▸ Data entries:
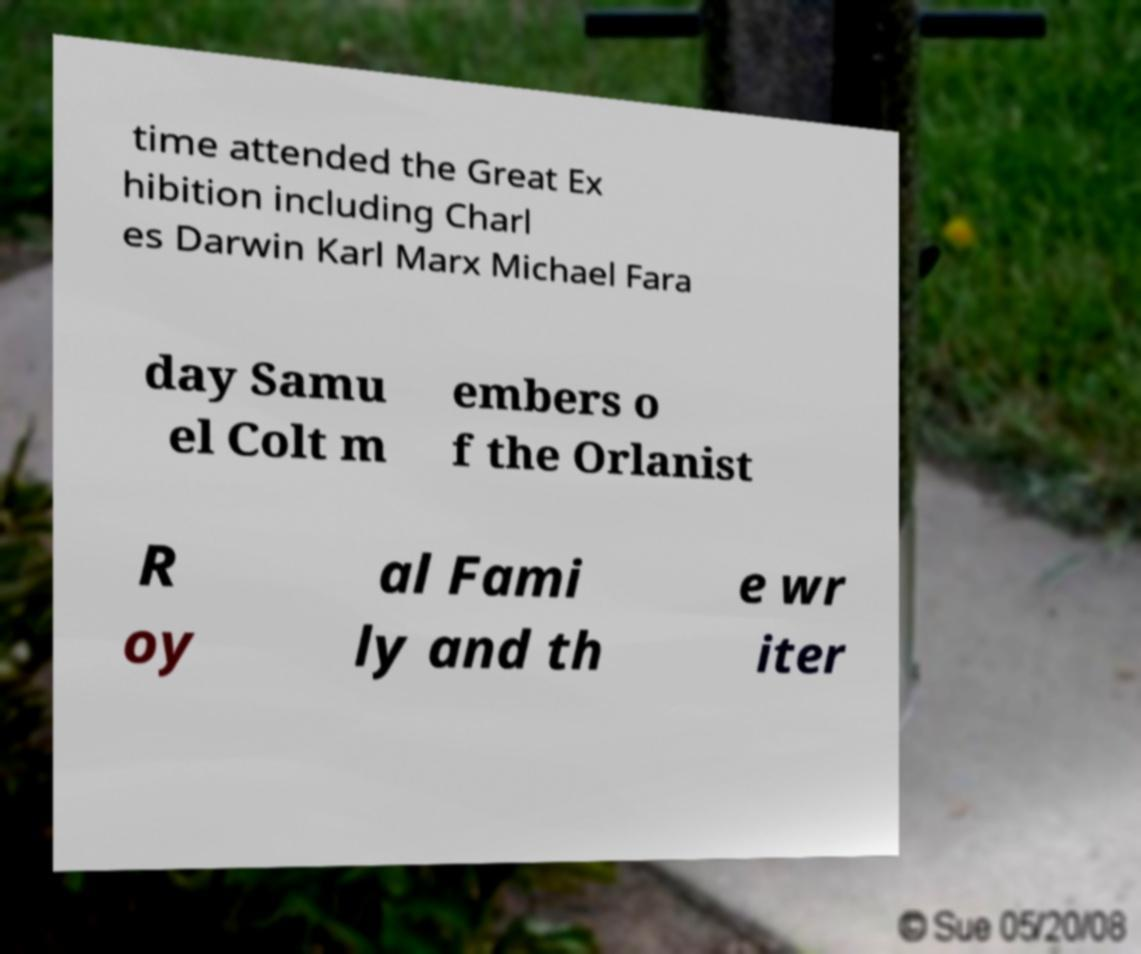Can you accurately transcribe the text from the provided image for me? time attended the Great Ex hibition including Charl es Darwin Karl Marx Michael Fara day Samu el Colt m embers o f the Orlanist R oy al Fami ly and th e wr iter 
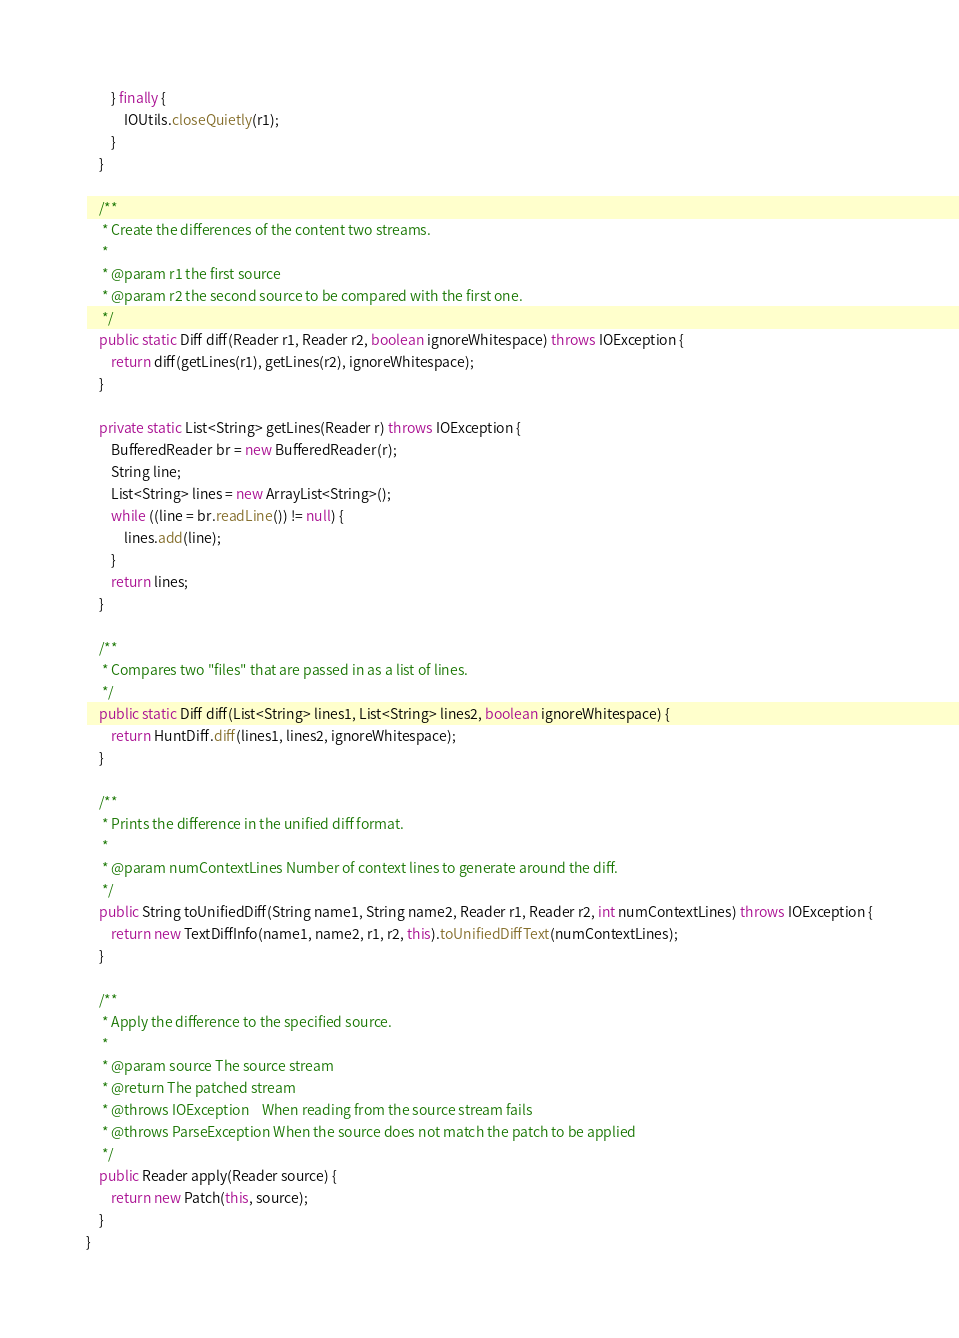Convert code to text. <code><loc_0><loc_0><loc_500><loc_500><_Java_>        } finally {
            IOUtils.closeQuietly(r1);
        }
    }

    /**
     * Create the differences of the content two streams.
     *
     * @param r1 the first source
     * @param r2 the second source to be compared with the first one.
     */
    public static Diff diff(Reader r1, Reader r2, boolean ignoreWhitespace) throws IOException {
        return diff(getLines(r1), getLines(r2), ignoreWhitespace);
    }

    private static List<String> getLines(Reader r) throws IOException {
        BufferedReader br = new BufferedReader(r);
        String line;
        List<String> lines = new ArrayList<String>();
        while ((line = br.readLine()) != null) {
            lines.add(line);
        }
        return lines;
    }

    /**
     * Compares two "files" that are passed in as a list of lines.
     */
    public static Diff diff(List<String> lines1, List<String> lines2, boolean ignoreWhitespace) {
        return HuntDiff.diff(lines1, lines2, ignoreWhitespace);
    }

    /**
     * Prints the difference in the unified diff format.
     *
     * @param numContextLines Number of context lines to generate around the diff.
     */
    public String toUnifiedDiff(String name1, String name2, Reader r1, Reader r2, int numContextLines) throws IOException {
        return new TextDiffInfo(name1, name2, r1, r2, this).toUnifiedDiffText(numContextLines);
    }

    /**
     * Apply the difference to the specified source.
     *
     * @param source The source stream
     * @return The patched stream
     * @throws IOException    When reading from the source stream fails
     * @throws ParseException When the source does not match the patch to be applied
     */
    public Reader apply(Reader source) {
        return new Patch(this, source);
    }
}
</code> 
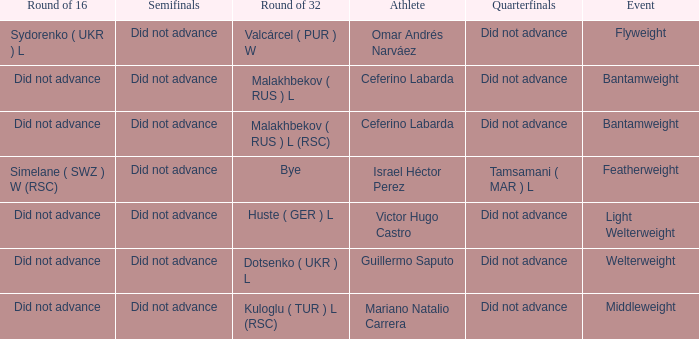When there was a bye in the round of 32, what was the result in the round of 16? Did not advance. 
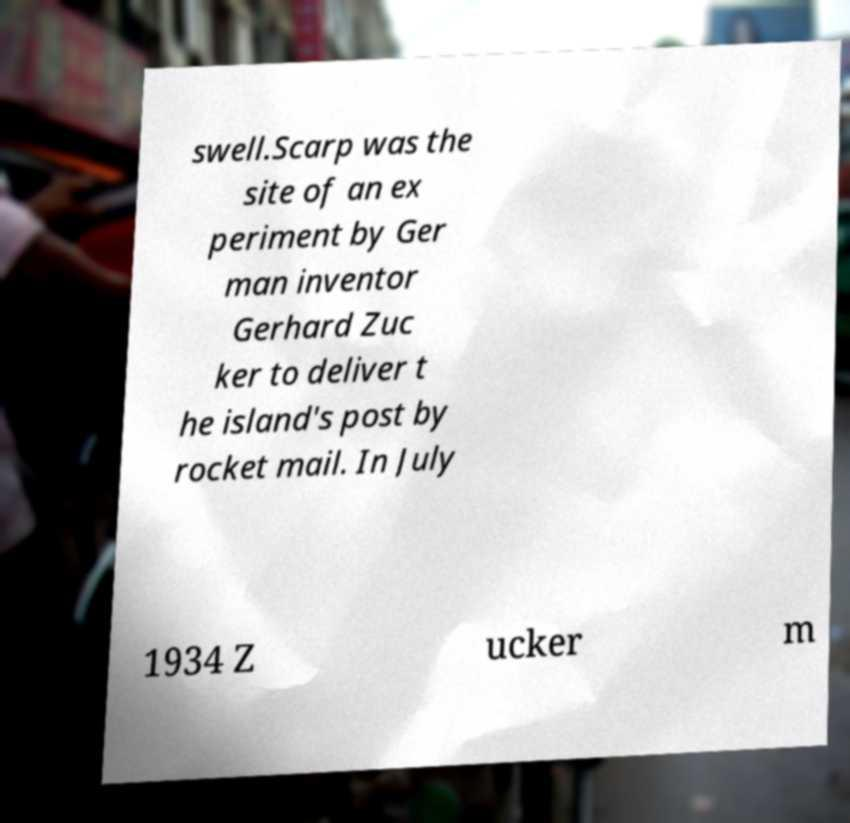There's text embedded in this image that I need extracted. Can you transcribe it verbatim? swell.Scarp was the site of an ex periment by Ger man inventor Gerhard Zuc ker to deliver t he island's post by rocket mail. In July 1934 Z ucker m 
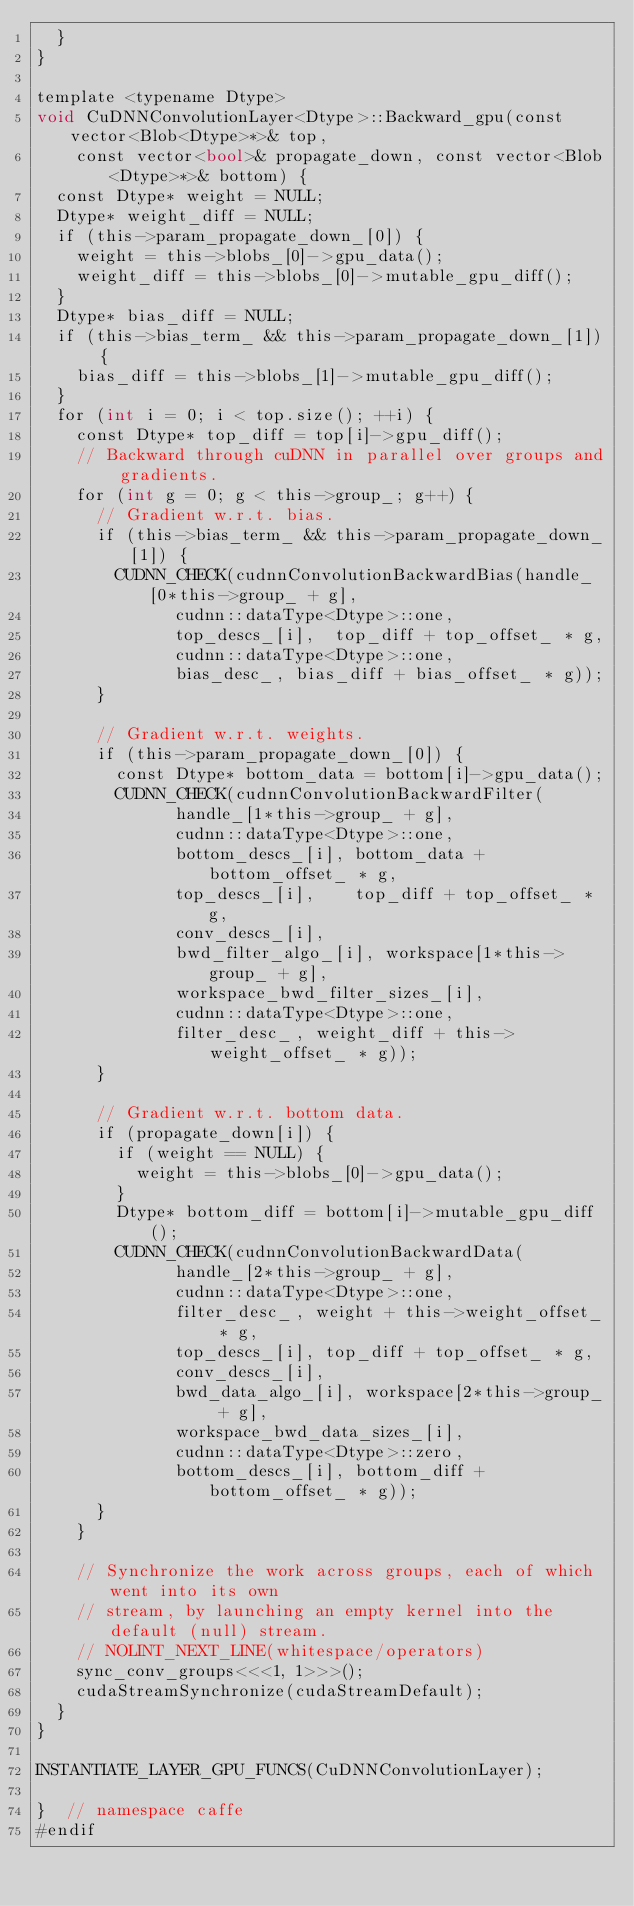<code> <loc_0><loc_0><loc_500><loc_500><_Cuda_>  }
}

template <typename Dtype>
void CuDNNConvolutionLayer<Dtype>::Backward_gpu(const vector<Blob<Dtype>*>& top,
    const vector<bool>& propagate_down, const vector<Blob<Dtype>*>& bottom) {
  const Dtype* weight = NULL;
  Dtype* weight_diff = NULL;
  if (this->param_propagate_down_[0]) {
    weight = this->blobs_[0]->gpu_data();
    weight_diff = this->blobs_[0]->mutable_gpu_diff();
  }
  Dtype* bias_diff = NULL;
  if (this->bias_term_ && this->param_propagate_down_[1]) {
    bias_diff = this->blobs_[1]->mutable_gpu_diff();
  }
  for (int i = 0; i < top.size(); ++i) {
    const Dtype* top_diff = top[i]->gpu_diff();
    // Backward through cuDNN in parallel over groups and gradients.
    for (int g = 0; g < this->group_; g++) {
      // Gradient w.r.t. bias.
      if (this->bias_term_ && this->param_propagate_down_[1]) {
        CUDNN_CHECK(cudnnConvolutionBackwardBias(handle_[0*this->group_ + g],
              cudnn::dataType<Dtype>::one,
              top_descs_[i],  top_diff + top_offset_ * g,
              cudnn::dataType<Dtype>::one,
              bias_desc_, bias_diff + bias_offset_ * g));
      }

      // Gradient w.r.t. weights.
      if (this->param_propagate_down_[0]) {
        const Dtype* bottom_data = bottom[i]->gpu_data();
        CUDNN_CHECK(cudnnConvolutionBackwardFilter(
              handle_[1*this->group_ + g],
              cudnn::dataType<Dtype>::one,
              bottom_descs_[i], bottom_data + bottom_offset_ * g,
              top_descs_[i],    top_diff + top_offset_ * g,
              conv_descs_[i],
              bwd_filter_algo_[i], workspace[1*this->group_ + g],
              workspace_bwd_filter_sizes_[i],
              cudnn::dataType<Dtype>::one,
              filter_desc_, weight_diff + this->weight_offset_ * g));
      }

      // Gradient w.r.t. bottom data.
      if (propagate_down[i]) {
        if (weight == NULL) {
          weight = this->blobs_[0]->gpu_data();
        }
        Dtype* bottom_diff = bottom[i]->mutable_gpu_diff();
        CUDNN_CHECK(cudnnConvolutionBackwardData(
              handle_[2*this->group_ + g],
              cudnn::dataType<Dtype>::one,
              filter_desc_, weight + this->weight_offset_ * g,
              top_descs_[i], top_diff + top_offset_ * g,
              conv_descs_[i],
              bwd_data_algo_[i], workspace[2*this->group_ + g],
              workspace_bwd_data_sizes_[i],
              cudnn::dataType<Dtype>::zero,
              bottom_descs_[i], bottom_diff + bottom_offset_ * g));
      }
    }

    // Synchronize the work across groups, each of which went into its own
    // stream, by launching an empty kernel into the default (null) stream.
    // NOLINT_NEXT_LINE(whitespace/operators)
    sync_conv_groups<<<1, 1>>>();
    cudaStreamSynchronize(cudaStreamDefault);
  }
}

INSTANTIATE_LAYER_GPU_FUNCS(CuDNNConvolutionLayer);

}  // namespace caffe
#endif
</code>

▸ WORK TASK: Return the records above verbatim, leaving out images.

▸ REPLY TO THE TASK:
Can you accurately transcribe the text from the provided image for me? time attended the Great Ex hibition including Charl es Darwin Karl Marx Michael Fara day Samu el Colt m embers o f the Orlanist R oy al Fami ly and th e wr iter 
Convert code to text. <code><loc_0><loc_0><loc_500><loc_500><_Java_>        } finally {
            IOUtils.closeQuietly(r1);
        }
    }

    /**
     * Create the differences of the content two streams.
     *
     * @param r1 the first source
     * @param r2 the second source to be compared with the first one.
     */
    public static Diff diff(Reader r1, Reader r2, boolean ignoreWhitespace) throws IOException {
        return diff(getLines(r1), getLines(r2), ignoreWhitespace);
    }

    private static List<String> getLines(Reader r) throws IOException {
        BufferedReader br = new BufferedReader(r);
        String line;
        List<String> lines = new ArrayList<String>();
        while ((line = br.readLine()) != null) {
            lines.add(line);
        }
        return lines;
    }

    /**
     * Compares two "files" that are passed in as a list of lines.
     */
    public static Diff diff(List<String> lines1, List<String> lines2, boolean ignoreWhitespace) {
        return HuntDiff.diff(lines1, lines2, ignoreWhitespace);
    }

    /**
     * Prints the difference in the unified diff format.
     *
     * @param numContextLines Number of context lines to generate around the diff.
     */
    public String toUnifiedDiff(String name1, String name2, Reader r1, Reader r2, int numContextLines) throws IOException {
        return new TextDiffInfo(name1, name2, r1, r2, this).toUnifiedDiffText(numContextLines);
    }

    /**
     * Apply the difference to the specified source.
     *
     * @param source The source stream
     * @return The patched stream
     * @throws IOException    When reading from the source stream fails
     * @throws ParseException When the source does not match the patch to be applied
     */
    public Reader apply(Reader source) {
        return new Patch(this, source);
    }
}
</code> 
When there was a bye in the round of 32, what was the result in the round of 16? Did not advance. 
There's text embedded in this image that I need extracted. Can you transcribe it verbatim? swell.Scarp was the site of an ex periment by Ger man inventor Gerhard Zuc ker to deliver t he island's post by rocket mail. In July 1934 Z ucker m 
<code> <loc_0><loc_0><loc_500><loc_500><_Cuda_>  }
}

template <typename Dtype>
void CuDNNConvolutionLayer<Dtype>::Backward_gpu(const vector<Blob<Dtype>*>& top,
    const vector<bool>& propagate_down, const vector<Blob<Dtype>*>& bottom) {
  const Dtype* weight = NULL;
  Dtype* weight_diff = NULL;
  if (this->param_propagate_down_[0]) {
    weight = this->blobs_[0]->gpu_data();
    weight_diff = this->blobs_[0]->mutable_gpu_diff();
  }
  Dtype* bias_diff = NULL;
  if (this->bias_term_ && this->param_propagate_down_[1]) {
    bias_diff = this->blobs_[1]->mutable_gpu_diff();
  }
  for (int i = 0; i < top.size(); ++i) {
    const Dtype* top_diff = top[i]->gpu_diff();
    // Backward through cuDNN in parallel over groups and gradients.
    for (int g = 0; g < this->group_; g++) {
      // Gradient w.r.t. bias.
      if (this->bias_term_ && this->param_propagate_down_[1]) {
        CUDNN_CHECK(cudnnConvolutionBackwardBias(handle_[0*this->group_ + g],
              cudnn::dataType<Dtype>::one,
              top_descs_[i],  top_diff + top_offset_ * g,
              cudnn::dataType<Dtype>::one,
              bias_desc_, bias_diff + bias_offset_ * g));
      }

      // Gradient w.r.t. weights.
      if (this->param_propagate_down_[0]) {
        const Dtype* bottom_data = bottom[i]->gpu_data();
        CUDNN_CHECK(cudnnConvolutionBackwardFilter(
              handle_[1*this->group_ + g],
              cudnn::dataType<Dtype>::one,
              bottom_descs_[i], bottom_data + bottom_offset_ * g,
              top_descs_[i],    top_diff + top_offset_ * g,
              conv_descs_[i],
              bwd_filter_algo_[i], workspace[1*this->group_ + g],
              workspace_bwd_filter_sizes_[i],
              cudnn::dataType<Dtype>::one,
              filter_desc_, weight_diff + this->weight_offset_ * g));
      }

      // Gradient w.r.t. bottom data.
      if (propagate_down[i]) {
        if (weight == NULL) {
          weight = this->blobs_[0]->gpu_data();
        }
        Dtype* bottom_diff = bottom[i]->mutable_gpu_diff();
        CUDNN_CHECK(cudnnConvolutionBackwardData(
              handle_[2*this->group_ + g],
              cudnn::dataType<Dtype>::one,
              filter_desc_, weight + this->weight_offset_ * g,
              top_descs_[i], top_diff + top_offset_ * g,
              conv_descs_[i],
              bwd_data_algo_[i], workspace[2*this->group_ + g],
              workspace_bwd_data_sizes_[i],
              cudnn::dataType<Dtype>::zero,
              bottom_descs_[i], bottom_diff + bottom_offset_ * g));
      }
    }

    // Synchronize the work across groups, each of which went into its own
    // stream, by launching an empty kernel into the default (null) stream.
    // NOLINT_NEXT_LINE(whitespace/operators)
    sync_conv_groups<<<1, 1>>>();
    cudaStreamSynchronize(cudaStreamDefault);
  }
}

INSTANTIATE_LAYER_GPU_FUNCS(CuDNNConvolutionLayer);

}  // namespace caffe
#endif
</code>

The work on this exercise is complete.